A partir das absorbâncias de suas incógnitas, estime cada concentração de proteína. Lembre-se de que a concentração do desconhecido é a quantidade de proteína dividida pelo volume da amostra usada, não o volume total no tubo de ensaio. Por convenção, quase sempre relatamos as concentrações de proteína em miligramas / mililitro (mg / ml). Para cada incógnita, lembre-se também de usar o valor de absorvância único que se enquadra na parte mais linear da curva padrão.

Plano para fazer diluições

Mostrar todo o trabalho. Primeiro, teremos que diluir um volume inicial específico para uma concentração final desejada de proteína. Este é o tipo de diluição que você executaria para fazer uma solução de trabalho. Em segundo lugar, você determinará como preparar cada uma de suas amostras para um volume e concentração final desejados.

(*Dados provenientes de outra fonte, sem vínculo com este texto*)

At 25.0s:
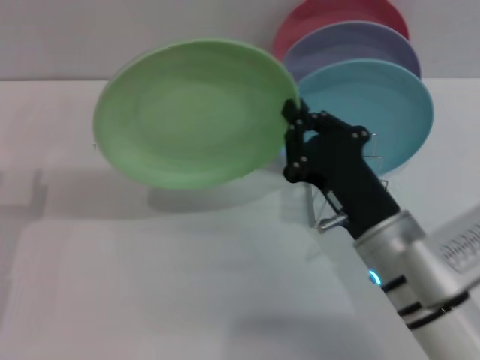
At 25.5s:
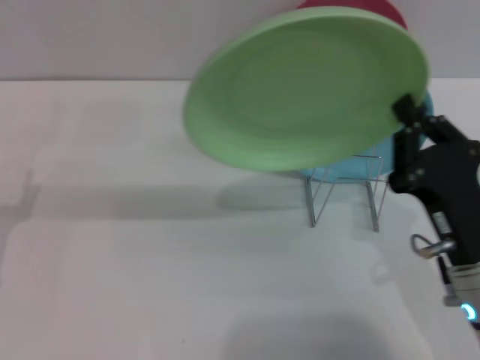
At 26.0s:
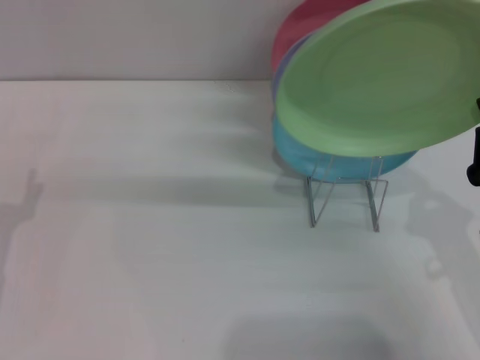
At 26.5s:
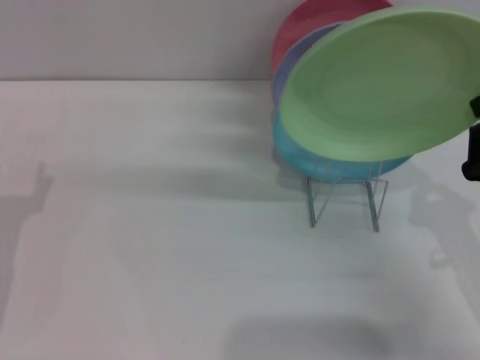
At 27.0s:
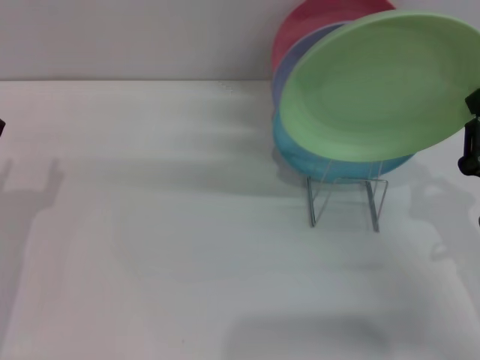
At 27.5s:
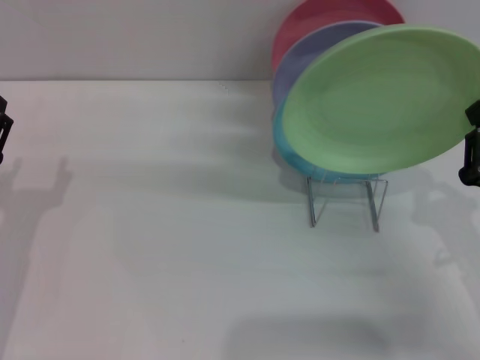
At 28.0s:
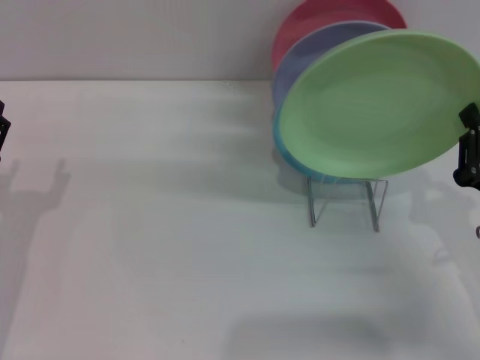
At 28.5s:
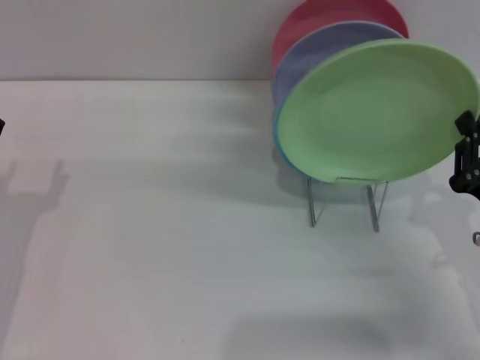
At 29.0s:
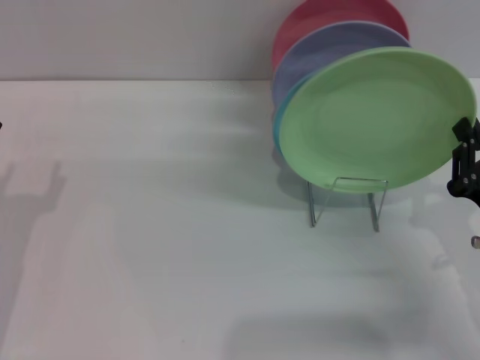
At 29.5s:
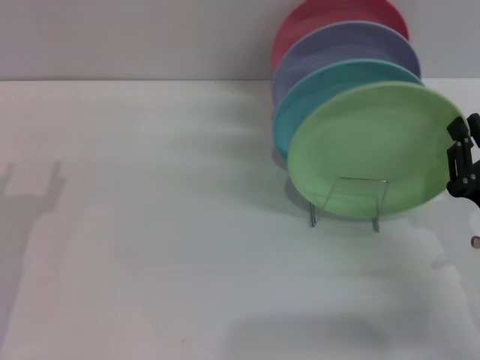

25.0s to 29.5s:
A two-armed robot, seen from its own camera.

  1. Seu primeiro problema é determinar como diluir 150 µg de cada uma de suas duas incógnitas para uma concentração final de 1 mg / ml. Voce sabe v1, você determinou c1 usando sua curva padrão, e sua concentração final desejada de 1 mg / ml é c2. Em seu caderno, registre as três variáveis ​​conhecidas para diluir cada uma de suas incógnitas. Calcular v2 , mostrando todos os cálculos em seu caderno. Escreva ambos v2 e o volume para adicionar a v1.
  2. Seu segundo problema é determinar como diluir cada desconhecido para obter um volume final de 150 & microl a uma concentração final de 1,5 mg / ml. Registre novamente as três variáveis ​​conhecidas e determine a variável desconhecida para cada uma delas. Mostra todos os cálculos.

Estimar rendimentos de fração

Uma abordagem comum para aprender como algo funciona é desmontá-lo. Aplicamos esse princípio ao tecido vivo quando realizamos o que chamamos de fracionamento de tecido. Geralmente, começamos homogeneizando o tecido, depois separamos o homogenato em componentes, muitas vezes empregando um método chamado centrifugação diferencial. A centrifugação produz um componente sólido (o pellet) que ressuspendemos em um volume de líquido. Também produz um componente líquido, o sobrenadante, que processamos posteriormente. Quando conduzimos um fracionamento, queremos ser capazes de relatar quanto de cada componente temos, geralmente em termos da quantidade de proteína recuperada.